Esta é a razão porque, de
acordo com os ensinamentos do Mahayana, a liberação em relação aos nossos
sofrimentos, a mera extinção da vontade de viver e de todos os desejos, é
considerada como insuficiente, e porque o empenhar-se na busca da perfeita
iluminação (samyak-sambodhi) é
considerada o único digno objetivo de um seguidor do Buda. Enquanto
desprezarmos o mundo e tentarmos simplesmente escapar dele, nós nem o superamos
nem ganhamos mestria nele e estamos longe de ter atingido a liberação. Portanto
é dito: “Este mundo é o mundo de Buda dentro do qual a iluminação pode ser
achada. Buscar a iluminação separando-nos do mundo é tão tolo como buscar chifre
em lebre”. Porque: “Aquele que trilha sinceramente o caminho do mundo, não verá
as faltas do mundo”.
De modo semelhante não
deveríamos imaginar que pela supressão do pensamento ou de nossas faculdades
intelectuais, podemos atingir a iluminação. “É um grande engano suprimir todo o
pensamento”, diz Wei Lang, o Sexto Patriarca.

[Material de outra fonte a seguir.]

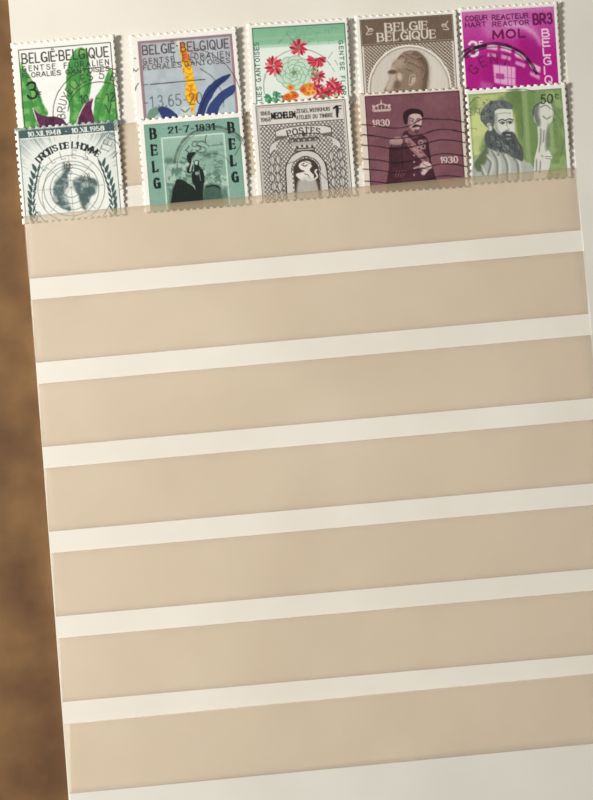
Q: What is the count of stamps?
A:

Zen é o caminho para superar as
limitações de nossa atitude intelectual. Mas primeiro temos que ter
desenvolvido o nosso intelecto, nossa capacidade de pensar, de raciocinar e
discernir, antes que sejamos capazes de apreciar o Zen. Se nós não temos
intelecto algum, isto é, se nunca o desenvolvemos e estabelecemos a mestria
sobre ele, nós não poderíamos superá-lo ou ultrapassá-lo; somente quando temos
mestria sobre ele, é realmente nosso. O intelecto é tão necessário para a
superação da mera emocionalidade e confusão quanto a intuição é necessária para
a superação das limitações do intelecto e seus julgamentos.
A razão, a mais alta
propriedade do intelecto, é o que guia o nosso pensamento intencional. As
finalidades, contudo, são limitadas; e, portanto a razão só pode operar naquilo
que é limitado. Somente a sabedoria (prajna)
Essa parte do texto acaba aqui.